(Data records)
※ ※ ※
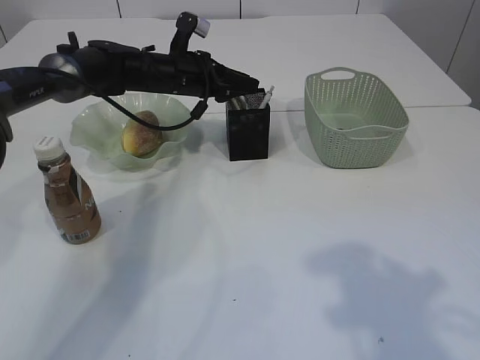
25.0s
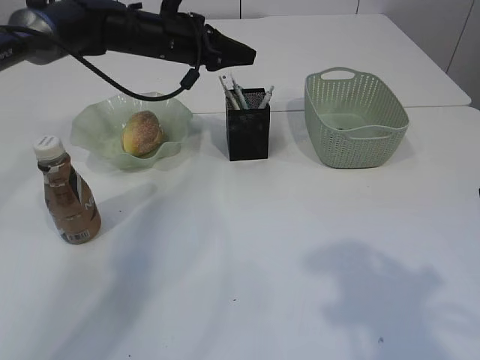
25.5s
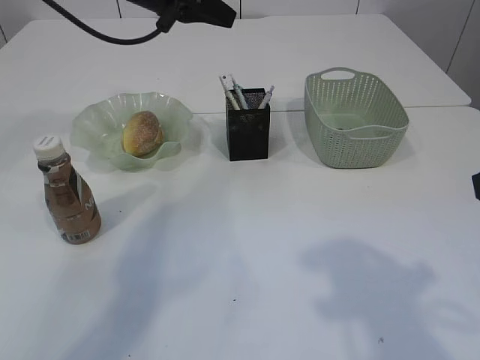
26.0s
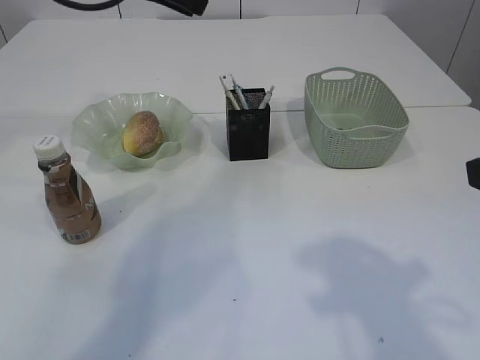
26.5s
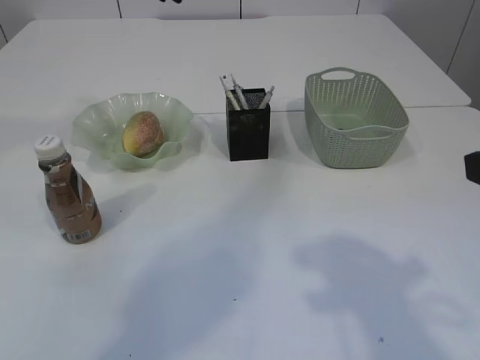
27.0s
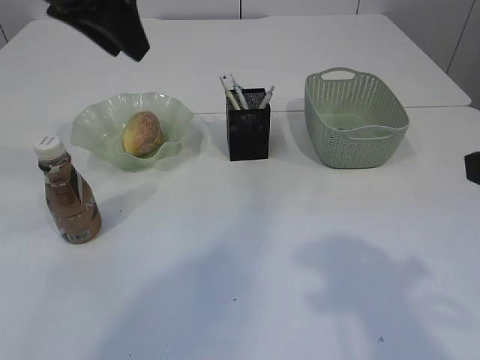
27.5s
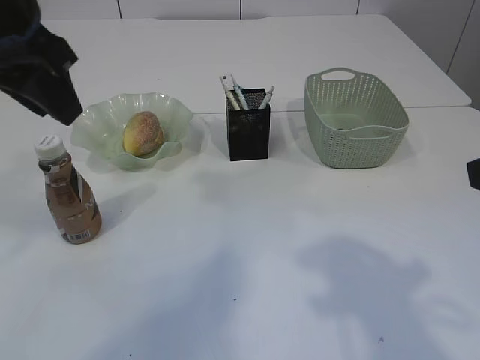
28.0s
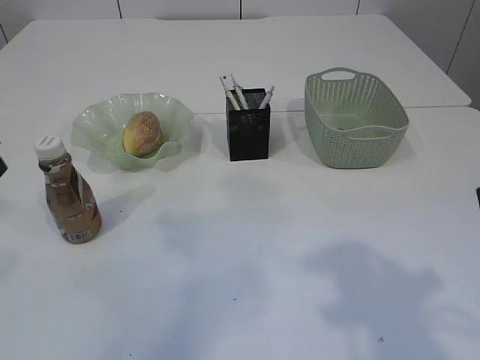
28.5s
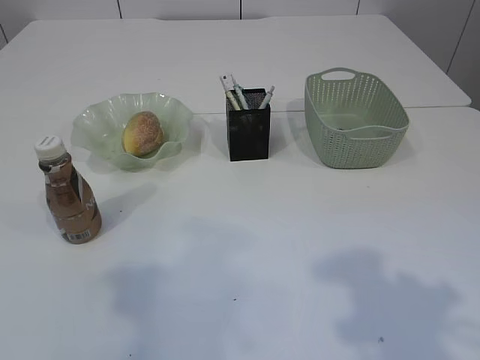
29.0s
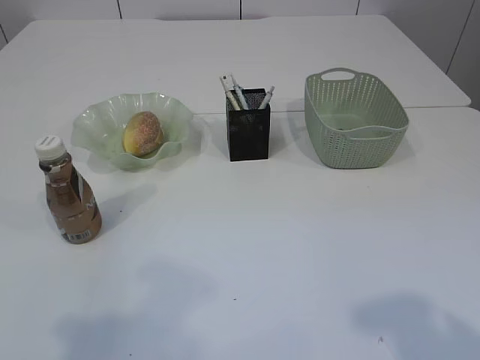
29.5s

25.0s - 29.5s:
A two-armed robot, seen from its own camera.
※ ※ ※
**INSTRUCTIONS FOR THE TASK:** From the first record above to the last, output each one exactly and omit the pictures.

**COMPLETED TASK:**
25.0s
25.5s
26.0s
26.5s
27.0s
27.5s
28.0s
28.5s
29.0s
29.5s

25.0s - 29.5s:
A two-armed robot, seen from its own camera.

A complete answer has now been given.